Justiça anula concurso da Prefeitura de Pinheiro e determina devolução das taxas

Ministério Público apontou uma série de irregularidades na contratação da banca e na condução do certame.
Justiça anula concurso da Prefeitura de Pinheiro e determina devolução das taxas de inscrição
Justiça determina a anulação do concurso público de Pinheiro e obriga a devolução das taxas (Foto: Reprodução)

A Justiça do Maranhão determinou a anulação do concurso público promovido pela Prefeitura de Pinheiro e ordenou a devolução integral das taxas de inscrição pagas pelos candidatos. A decisão foi proferida em 30 de junho e atende a um pedido do Ministério Público do Maranhão (MPMA), que apontou diversas irregularidades na contratação da banca organizadora e na condução do certame.

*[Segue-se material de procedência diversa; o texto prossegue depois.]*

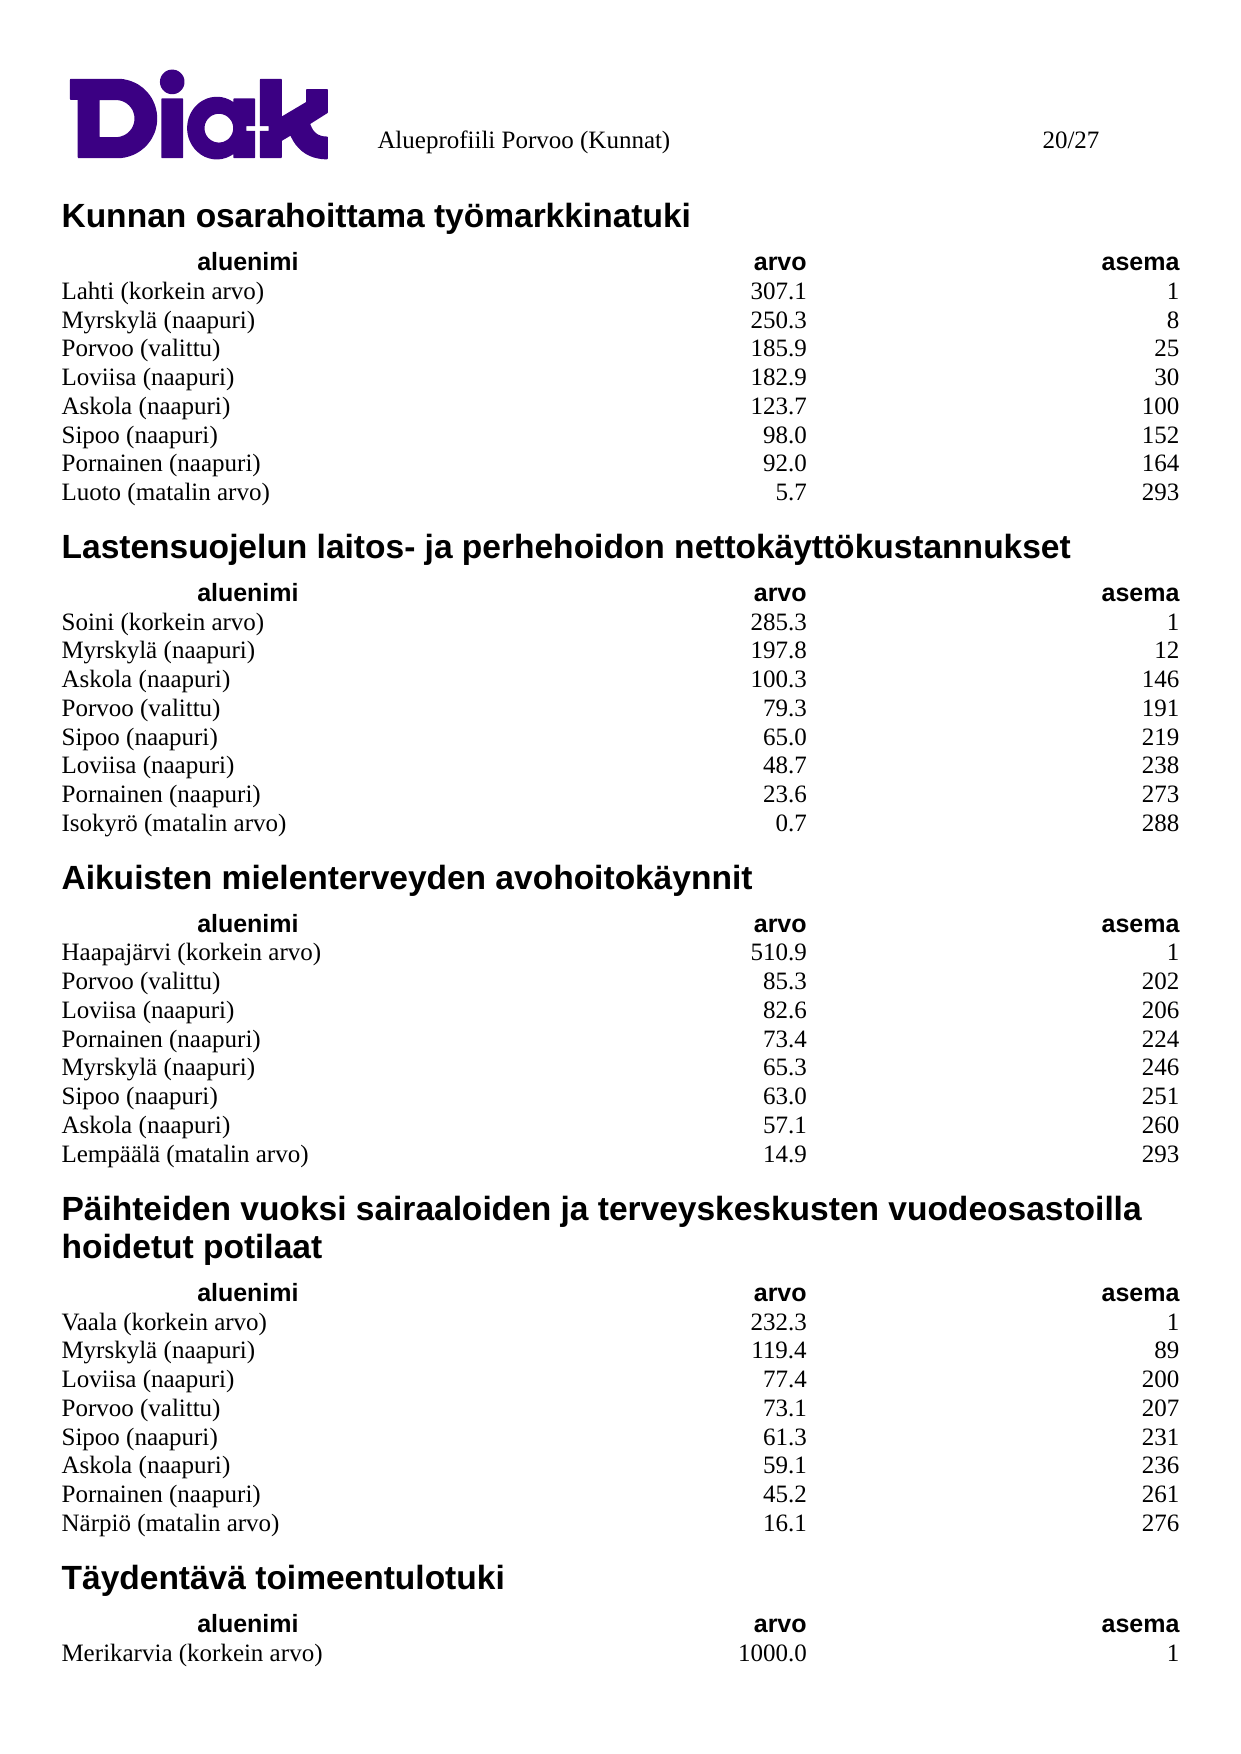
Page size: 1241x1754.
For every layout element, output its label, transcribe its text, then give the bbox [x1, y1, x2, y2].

table_cell 16.1 [434, 1508, 806, 1537]
table_cell 182.9 [434, 362, 806, 391]
table_cell 1 [806, 276, 1179, 305]
table_cell 57.1 [434, 1110, 806, 1139]
table_cell 202 [806, 966, 1179, 995]
table_cell Lahti (korkein arvo) [61, 276, 434, 305]
table_header asema [806, 1609, 1179, 1638]
table_header asema [806, 909, 1179, 937]
table_cell Lempäälä (matalin arvo) [61, 1139, 434, 1167]
table_cell Askola (naapuri) [61, 391, 434, 420]
table_cell Pornainen (naapuri) [61, 449, 434, 477]
table_cell 185.9 [434, 334, 806, 362]
table_cell 63.0 [434, 1081, 806, 1110]
table_header arvo [434, 247, 806, 276]
table_cell 1000.0 [434, 1638, 806, 1666]
table_cell 236 [806, 1451, 1179, 1479]
table_cell 260 [806, 1110, 1179, 1139]
table_cell 30 [806, 362, 1179, 391]
table_header arvo [434, 578, 806, 607]
table_cell 1 [806, 1307, 1179, 1336]
table_cell 73.4 [434, 1024, 806, 1052]
table_cell 14.9 [434, 1139, 806, 1167]
table_cell 273 [806, 779, 1179, 808]
table_cell 1 [806, 1638, 1179, 1666]
table_cell 85.3 [434, 966, 806, 995]
table_cell 98.0 [434, 420, 806, 448]
table_header arvo [434, 909, 806, 937]
table_cell 251 [806, 1081, 1179, 1110]
table_cell 293 [806, 1139, 1179, 1167]
table_cell Askola (naapuri) [61, 1110, 434, 1139]
table_header aluenimi [61, 247, 434, 276]
table_cell Loviisa (naapuri) [61, 362, 434, 391]
table_cell 250.3 [434, 305, 806, 333]
table_cell Myrskylä (naapuri) [61, 1053, 434, 1081]
table_header arvo [434, 1278, 806, 1307]
table_cell Pornainen (naapuri) [61, 1024, 434, 1052]
table_cell 146 [806, 664, 1179, 693]
table_cell 293 [806, 477, 1179, 506]
table_cell Porvoo (valittu) [61, 334, 434, 362]
table_cell Sipoo (naapuri) [61, 420, 434, 448]
table_cell Sipoo (naapuri) [61, 722, 434, 751]
table_cell Sipoo (naapuri) [61, 1081, 434, 1110]
table_header aluenimi [61, 909, 434, 937]
table_cell 510.9 [434, 938, 806, 966]
table_cell Pornainen (naapuri) [61, 779, 434, 808]
table_cell 285.3 [434, 607, 806, 636]
table_cell 100.3 [434, 664, 806, 693]
table_cell Porvoo (valittu) [61, 966, 434, 995]
table_cell Pornainen (naapuri) [61, 1479, 434, 1508]
table_cell Myrskylä (naapuri) [61, 636, 434, 664]
table_cell 61.3 [434, 1422, 806, 1451]
table_cell 65.3 [434, 1053, 806, 1081]
table_header aluenimi [61, 1278, 434, 1307]
table_cell 1 [806, 938, 1179, 966]
table_cell Haapajärvi (korkein arvo) [61, 938, 434, 966]
table_cell 152 [806, 420, 1179, 448]
table_cell Porvoo (valittu) [61, 693, 434, 722]
table_cell 59.1 [434, 1451, 806, 1479]
table_cell 5.7 [434, 477, 806, 506]
table_cell Askola (naapuri) [61, 664, 434, 693]
subtitle Kunnan osarahoittama työmarkkinatuki [61, 196, 1179, 235]
table_cell Loviisa (naapuri) [61, 995, 434, 1024]
table_cell Porvoo (valittu) [61, 1393, 434, 1422]
table_cell 65.0 [434, 722, 806, 751]
table_cell 89 [806, 1336, 1179, 1364]
table_header arvo [434, 1609, 806, 1638]
table_cell 224 [806, 1024, 1179, 1052]
table_cell 219 [806, 722, 1179, 751]
table_cell 25 [806, 334, 1179, 362]
table_cell 164 [806, 449, 1179, 477]
table_cell Luoto (matalin arvo) [61, 477, 434, 506]
table_cell Askola (naapuri) [61, 1451, 434, 1479]
table_header aluenimi [61, 1609, 434, 1638]
table_cell 191 [806, 693, 1179, 722]
table_cell Myrskylä (naapuri) [61, 1336, 434, 1364]
table_cell 307.1 [434, 276, 806, 305]
table_cell 23.6 [434, 779, 806, 808]
table_cell 197.8 [434, 636, 806, 664]
table_cell 288 [806, 808, 1179, 837]
table_cell Loviisa (naapuri) [61, 1364, 434, 1393]
table_cell 123.7 [434, 391, 806, 420]
table_header asema [806, 578, 1179, 607]
table_cell 1 [806, 607, 1179, 636]
table_cell 206 [806, 995, 1179, 1024]
table_cell Soini (korkein arvo) [61, 607, 434, 636]
table_cell 232.3 [434, 1307, 806, 1336]
subtitle Lastensuojelun laitos- ja perhehoidon nettokäyttökustannukset [61, 527, 1179, 566]
table_cell 79.3 [434, 693, 806, 722]
table_cell 73.1 [434, 1393, 806, 1422]
table_header asema [806, 247, 1179, 276]
subtitle Aikuisten mielenterveyden avohoitokäynnit [61, 858, 1179, 896]
table_cell 48.7 [434, 751, 806, 779]
table_cell 0.7 [434, 808, 806, 837]
table_cell 238 [806, 751, 1179, 779]
table_cell Vaala (korkein arvo) [61, 1307, 434, 1336]
table_cell 45.2 [434, 1479, 806, 1508]
table_cell 261 [806, 1479, 1179, 1508]
subtitle Päihteiden vuoksi sairaaloiden ja terveyskeskusten vuodeosastoilla hoidetut potilaat [61, 1188, 1179, 1266]
table_cell Myrskylä (naapuri) [61, 305, 434, 333]
table_cell 77.4 [434, 1364, 806, 1393]
table_cell 12 [806, 636, 1179, 664]
table_cell Isokyrö (matalin arvo) [61, 808, 434, 837]
table_cell 100 [806, 391, 1179, 420]
table_cell Sipoo (naapuri) [61, 1422, 434, 1451]
table_cell Närpiö (matalin arvo) [61, 1508, 434, 1537]
table_cell 200 [806, 1364, 1179, 1393]
table_cell 276 [806, 1508, 1179, 1537]
table_cell 82.6 [434, 995, 806, 1024]
table_cell 119.4 [434, 1336, 806, 1364]
table_header asema [806, 1278, 1179, 1307]
table_header aluenimi [61, 578, 434, 607]
table_cell 207 [806, 1393, 1179, 1422]
table_cell Merikarvia (korkein arvo) [61, 1638, 434, 1666]
table_cell 8 [806, 305, 1179, 333]
table_cell 92.0 [434, 449, 806, 477]
table_cell Loviisa (naapuri) [61, 751, 434, 779]
table_cell 246 [806, 1053, 1179, 1081]
subtitle Täydentävä toimeentulotuki [61, 1558, 1179, 1596]
table_cell 231 [806, 1422, 1179, 1451]
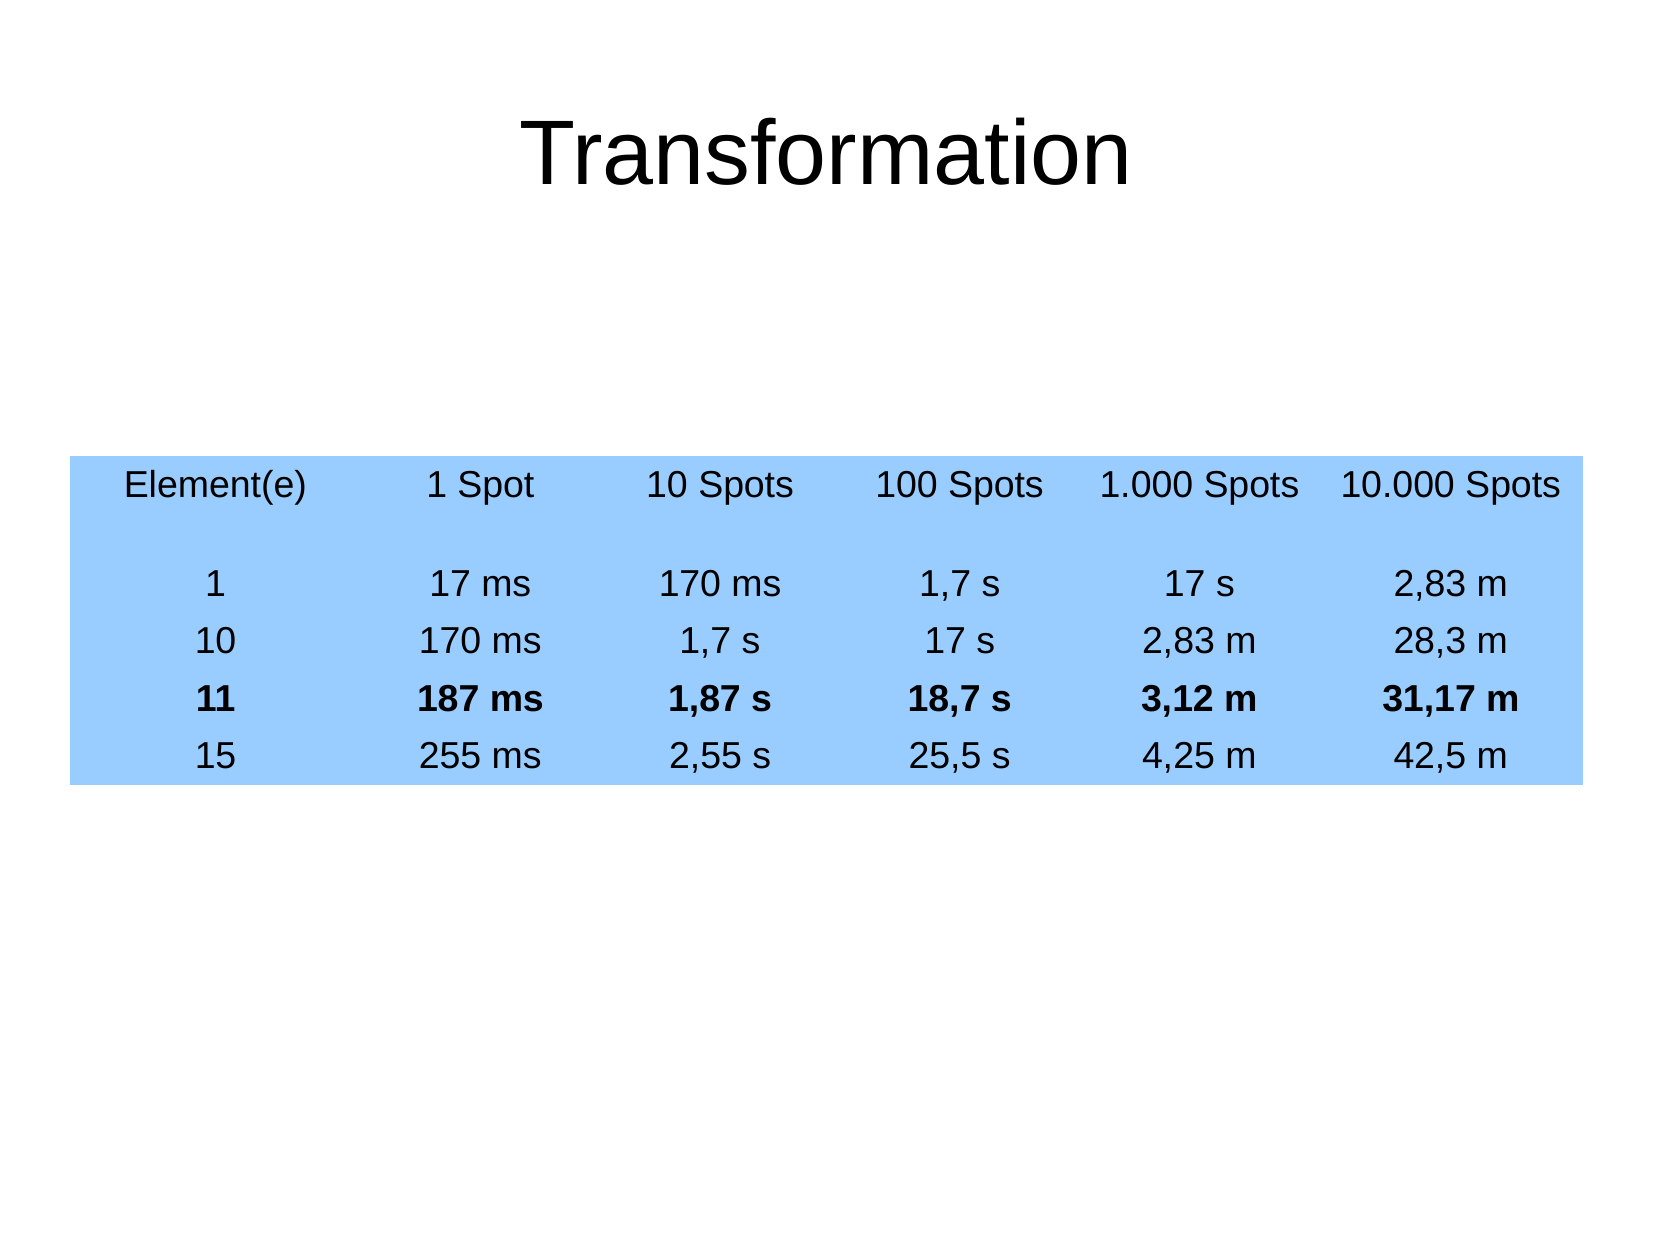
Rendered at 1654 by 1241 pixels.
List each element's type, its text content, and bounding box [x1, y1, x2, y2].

table_cell 1,87 s [600, 670, 840, 727]
table_cell 1,7 s [600, 613, 840, 670]
table_cell 187 ms [361, 670, 600, 727]
table_cell 17 s [840, 613, 1080, 670]
table_header 1.000 Spots [1080, 456, 1319, 555]
table_cell 170 ms [361, 613, 600, 670]
table_cell 2,83 m [1319, 555, 1583, 613]
table_cell 1 [70, 555, 361, 613]
table_cell 25,5 s [840, 727, 1080, 785]
table_cell 15 [70, 727, 361, 785]
table_cell 255 ms [361, 727, 600, 785]
table_cell 17 ms [361, 555, 600, 613]
table_cell 2,55 s [600, 727, 840, 785]
table_cell 1,7 s [840, 555, 1080, 613]
table_cell 28,3 m [1319, 613, 1583, 670]
table_cell 170 ms [600, 555, 840, 613]
table_cell 31,17 m [1319, 670, 1583, 727]
table_cell 3,12 m [1080, 670, 1319, 727]
table_header 1 Spot [361, 456, 600, 555]
table_cell 11 [70, 670, 361, 727]
table_header Element(e) [70, 456, 361, 555]
table_cell 17 s [1080, 555, 1319, 613]
table_cell 4,25 m [1080, 727, 1319, 785]
table_header 10.000 Spots [1319, 456, 1583, 555]
title Transformation [82, 56, 1571, 250]
table_cell 10 [70, 613, 361, 670]
table_cell 18,7 s [840, 670, 1080, 727]
table_cell 42,5 m [1319, 727, 1583, 785]
table_cell 2,83 m [1080, 613, 1319, 670]
table_header 100 Spots [840, 456, 1080, 555]
table_header 10 Spots [600, 456, 840, 555]

Na sentença, a juíza Arianna Saraiva determinou que o Município de Pinheiro declare a nulidade do concurso e de todos os atos relacionados ao processo seletivo, incluindo a contratação, por dispensa de licitação, da Fundação de Apoio Tecnológico (Funatec), responsável pela realização do certame.

Também deverão ser anuladas as listas de classificação, aprovação e homologação dos candidatos.

Candidatos terão direito à restituição das taxas

Além da anulação do concurso, a Justiça determinou que o Município de Pinheiro e a Funatec devolvam integralmente os valores pagos pelos candidatos a título de taxa de inscrição, acrescidos de correção monetária.

A decisão é resultado de uma Ação Civil Pública (ACP) proposta pelo Ministério Público em janeiro deste ano. À época, a ação foi ajuizada pela promotora de Justiça Samira Mercês dos Santos, que respondia pela 1ª Promotoria de Justiça de Pinheiro.

Segundo o MPMA, o procedimento foi instaurado após o recebimento de diversas denúncias de candidatos sobre possíveis irregularidades na organização e execução do concurso.

Ministério Público apontou série de irregularidades

Durante a investigação, o Ministério Público identificou diversas falhas consideradas graves.

Entre elas, está a tentativa da Prefeitura de custear integralmente o concurso apenas com os recursos arrecadados por meio das taxas de inscrição, sem previsão orçamentária específica e em desacordo com normas do Tribunal de Contas da União (TCU).

Outra irregularidade apontada foi a oferta de vagas para cargos que não possuíam previsão legal na estrutura administrativa do município.

O MPMA também constatou falta de transparência quanto à composição da comissão responsável por fiscalizar o concurso, além de identificar que recursos administrativos apresentados por candidatos foram rejeitados pela banca examinadora com justificativas genéricas e sem fundamentação técnica.

Cronograma foi alterado após período eleitoral

Outro ponto destacado na ação diz respeito às mudanças promovidas no cronograma do concurso.

Segundo o Ministério Público, o resultado preliminar das provas objetivas foi adiado sem justificativa plausível para uma data posterior às eleições municipais.

Para o órgão, a alteração pode indicar uma tentativa de minimizar eventuais desgastes políticos durante o período eleitoral e influenciar o processo de transição da administração municipal.

Esses fatos também foram considerados pela Justiça na decisão que declarou a nulidade do certame.

Prefeitura ainda não comentou a decisão

Até a publicação desta reportagem, a Prefeitura de Pinheiro não havia se manifestado sobre a sentença judicial.

A decisão ainda estabelece que o município deverá cumprir as determinações relativas à anulação do concurso e à restituição dos valores pagos pelos candidatos, conforme os prazos definidos pela Justiça.